Muscogee County School District Board chairwoman Pat Hugley Green and MCSD superintendent David Lewis participate in the Feb. 20, 2024, meeting at the Muscogee County Public Education Center.
Muscogee County School District Board chairwoman Pat Hugley Green and MCSD superintendent David Lewis participate in the Feb. 20, 2024, meeting at the Muscogee County Public Education Center.

This plan stems from Lewis’ adamant intention to help all MCSD students.

Since the board hired Lewis 11 years ago, MCSD is at all-time highs or exceeds the cohort, state or national averages in the major metrics. For example, MCSD’s graduation rate has improved from 72.8% in 2013 to 93.5% in 2023, the 11th consecutive year outperforming the state average and the ninth outperforming the national average.

But for the third straight year, Muscogee County surpassed the state average on only one of the 27 Georgia Milestones tests for grades 3-12 during the 2022-23 school year: eighth-graders who took high school physics.

“Every child, regardless of income, family structure or racial and ethnic background is capable of learning when taught and supported effectively,” Lewis said, “and that begins first with learning to read in order to read to learn.”

Lewis asserted, “If predictable variability is a problem, then differentiation of resources and support is a solution. This is a relatively new way of thinking about equity. Equity does not mean equal resources; it means equal opportunity. … We have a moral, ethical and economic imperative to provide a meaningful and systemic early intervention to address the needs of these children caught in this cycle.”

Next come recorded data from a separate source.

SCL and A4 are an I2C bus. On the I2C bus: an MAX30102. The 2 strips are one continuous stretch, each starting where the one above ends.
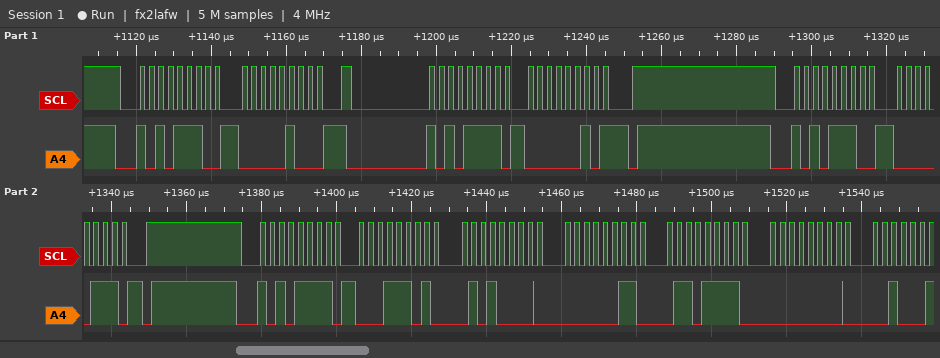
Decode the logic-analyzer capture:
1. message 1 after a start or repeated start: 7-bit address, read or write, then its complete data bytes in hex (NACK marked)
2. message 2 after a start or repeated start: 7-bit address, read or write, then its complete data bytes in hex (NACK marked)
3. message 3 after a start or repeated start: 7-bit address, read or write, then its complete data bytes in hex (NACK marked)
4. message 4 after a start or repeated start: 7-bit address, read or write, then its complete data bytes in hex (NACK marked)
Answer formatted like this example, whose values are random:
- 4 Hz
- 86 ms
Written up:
- 0x57 write: 04
- 0x57 read: 02 NACK
- 0x57 write: 07
- 0x57 read: 1D 50 03 6F 00
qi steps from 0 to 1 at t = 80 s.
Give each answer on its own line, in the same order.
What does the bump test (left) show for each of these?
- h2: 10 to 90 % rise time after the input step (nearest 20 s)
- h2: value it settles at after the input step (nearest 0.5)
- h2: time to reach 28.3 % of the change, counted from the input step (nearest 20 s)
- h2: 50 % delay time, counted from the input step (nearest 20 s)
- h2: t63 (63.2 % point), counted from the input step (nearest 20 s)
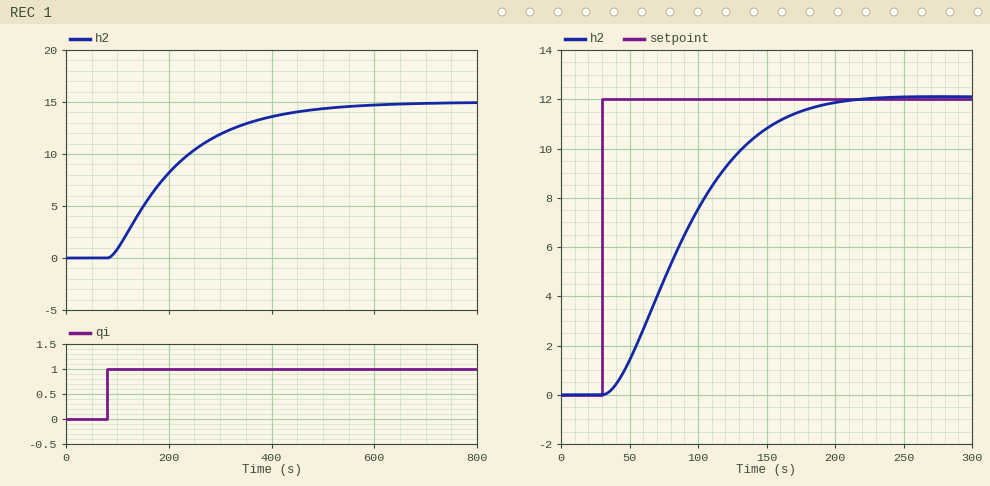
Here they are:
280 s
15.0
60 s
100 s
140 s
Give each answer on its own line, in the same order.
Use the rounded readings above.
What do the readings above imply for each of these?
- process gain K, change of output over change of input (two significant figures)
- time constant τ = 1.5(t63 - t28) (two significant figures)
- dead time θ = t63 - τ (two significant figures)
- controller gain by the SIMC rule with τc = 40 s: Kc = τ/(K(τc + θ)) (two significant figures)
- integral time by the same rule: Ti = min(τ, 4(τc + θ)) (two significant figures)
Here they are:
15
120 s
20 s
0.13
120 s
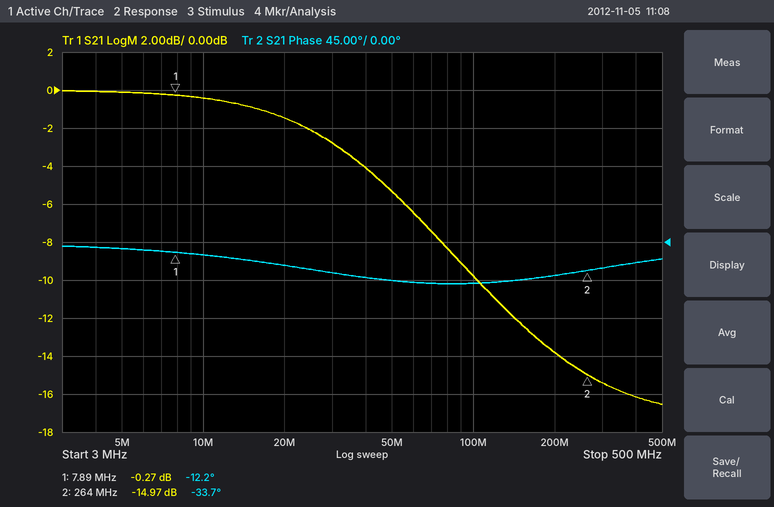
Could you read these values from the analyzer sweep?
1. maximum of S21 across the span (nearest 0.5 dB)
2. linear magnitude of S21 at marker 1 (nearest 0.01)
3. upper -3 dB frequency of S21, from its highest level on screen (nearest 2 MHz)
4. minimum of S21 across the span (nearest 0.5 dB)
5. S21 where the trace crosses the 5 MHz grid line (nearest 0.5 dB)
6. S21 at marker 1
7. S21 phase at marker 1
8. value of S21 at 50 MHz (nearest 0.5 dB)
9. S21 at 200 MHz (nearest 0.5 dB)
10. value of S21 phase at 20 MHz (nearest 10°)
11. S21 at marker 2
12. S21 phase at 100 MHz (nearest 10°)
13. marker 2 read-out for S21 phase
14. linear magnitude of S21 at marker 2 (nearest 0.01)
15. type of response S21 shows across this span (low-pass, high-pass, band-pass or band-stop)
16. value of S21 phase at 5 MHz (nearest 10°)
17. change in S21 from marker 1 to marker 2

Lewis summarized the center’s goal when he said, “In essence, we want to equip children – all children – to address that gap. … Close the gap and raise the bar at the same time — hard work, heavy lift, not easy to do.”

Too often, grants and other short-term support targeted toward such students produces temporary progress, but regression sets in when the funding runs out, Lewis said.

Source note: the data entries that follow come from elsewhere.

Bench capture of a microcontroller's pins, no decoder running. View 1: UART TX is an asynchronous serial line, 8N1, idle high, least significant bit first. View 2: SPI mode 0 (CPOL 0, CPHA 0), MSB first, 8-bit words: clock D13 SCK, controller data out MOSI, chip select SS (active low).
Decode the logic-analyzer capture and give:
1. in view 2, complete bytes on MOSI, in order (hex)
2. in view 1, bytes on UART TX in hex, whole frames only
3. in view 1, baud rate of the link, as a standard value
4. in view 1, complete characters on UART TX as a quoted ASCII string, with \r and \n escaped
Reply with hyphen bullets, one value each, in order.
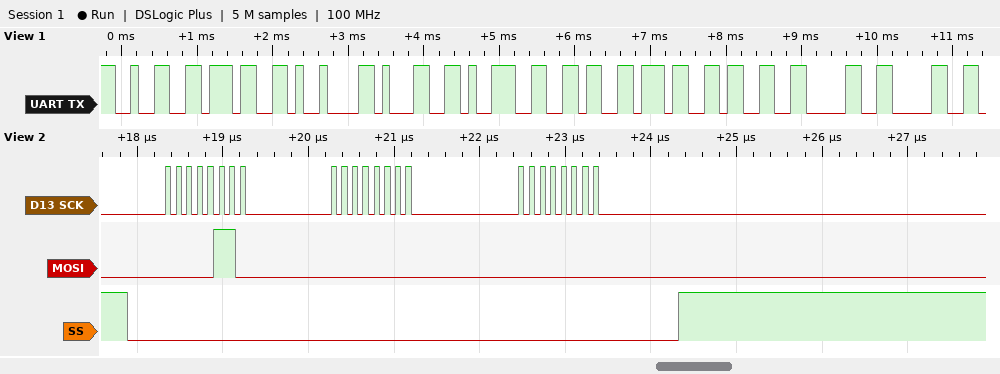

“We have to have a sustained model to work with these children,” he said. “… If we do this right — and I believe we will — we can set the standard for success that can be replicated across our district, the state and any place else that suffers from the same cycle that our children do in these particular schools.”

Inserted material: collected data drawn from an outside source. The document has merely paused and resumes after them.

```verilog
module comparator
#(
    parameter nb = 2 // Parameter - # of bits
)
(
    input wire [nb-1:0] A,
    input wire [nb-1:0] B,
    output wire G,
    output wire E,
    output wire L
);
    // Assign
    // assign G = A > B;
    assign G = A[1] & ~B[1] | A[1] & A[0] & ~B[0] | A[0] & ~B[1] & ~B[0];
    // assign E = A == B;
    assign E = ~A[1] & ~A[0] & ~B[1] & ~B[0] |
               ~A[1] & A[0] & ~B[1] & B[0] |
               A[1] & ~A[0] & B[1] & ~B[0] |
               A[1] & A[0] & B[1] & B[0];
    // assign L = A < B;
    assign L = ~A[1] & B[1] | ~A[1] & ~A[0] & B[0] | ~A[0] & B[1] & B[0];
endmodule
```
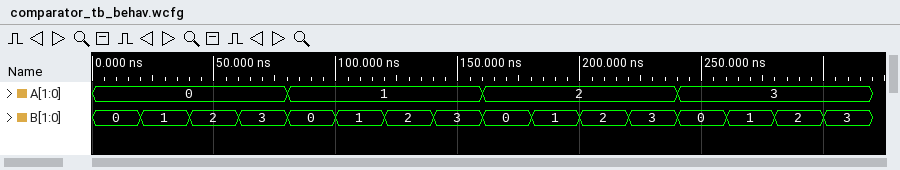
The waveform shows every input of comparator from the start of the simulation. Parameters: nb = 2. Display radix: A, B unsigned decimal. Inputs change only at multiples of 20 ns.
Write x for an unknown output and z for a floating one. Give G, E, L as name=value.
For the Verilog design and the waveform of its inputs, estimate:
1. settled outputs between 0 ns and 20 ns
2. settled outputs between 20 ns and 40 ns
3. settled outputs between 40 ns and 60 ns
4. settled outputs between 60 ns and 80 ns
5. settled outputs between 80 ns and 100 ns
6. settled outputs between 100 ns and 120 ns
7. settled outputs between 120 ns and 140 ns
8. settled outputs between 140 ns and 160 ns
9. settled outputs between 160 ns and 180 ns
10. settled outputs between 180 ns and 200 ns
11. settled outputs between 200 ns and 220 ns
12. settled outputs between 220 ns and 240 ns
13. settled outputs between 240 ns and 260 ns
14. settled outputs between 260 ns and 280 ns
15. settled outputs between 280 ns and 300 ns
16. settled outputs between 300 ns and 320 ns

G=0, E=1, L=0
G=0, E=0, L=1
G=0, E=0, L=1
G=0, E=0, L=1
G=1, E=0, L=0
G=0, E=1, L=0
G=0, E=0, L=1
G=0, E=0, L=1
G=1, E=0, L=0
G=1, E=0, L=0
G=0, E=1, L=0
G=0, E=0, L=1
G=1, E=0, L=0
G=1, E=0, L=0
G=1, E=0, L=0
G=0, E=1, L=0

Monday night, Lewis thanked the board for unanimously supporting the plan “on behalf of all the children who’ll be served and afforded the opportunity to determine their own destiny and their own future.”

Estimated cost

Responding to the Ledger-Enquirer’s questions, Lewis said the estimated start-up cost for the program is $1.2 million to hire more personnel for a student-teacher ratio at the center that will be lower than regular schools.

“In addition to the reallocation of current resources, the cost will be defrayed by $600,000 by leveraging available state funding, an additional $200,000 from federal entitlement funds, and other financial investments by United Way and the Georgia Department of Education,” Lewis said via email.

The estimated annual cost to continue the program will vary, he said, depending on the number of qualifying students. The center’s enrollment also will vary, he said, depending on the number of qualifying students.

Lewis didn’t provide a range for either of those figures, but he did say Brewer will have an additional 11 teachers, a literacy coach, a math coach, a speech and language pathologist, a social worker and an interventionist on the staff.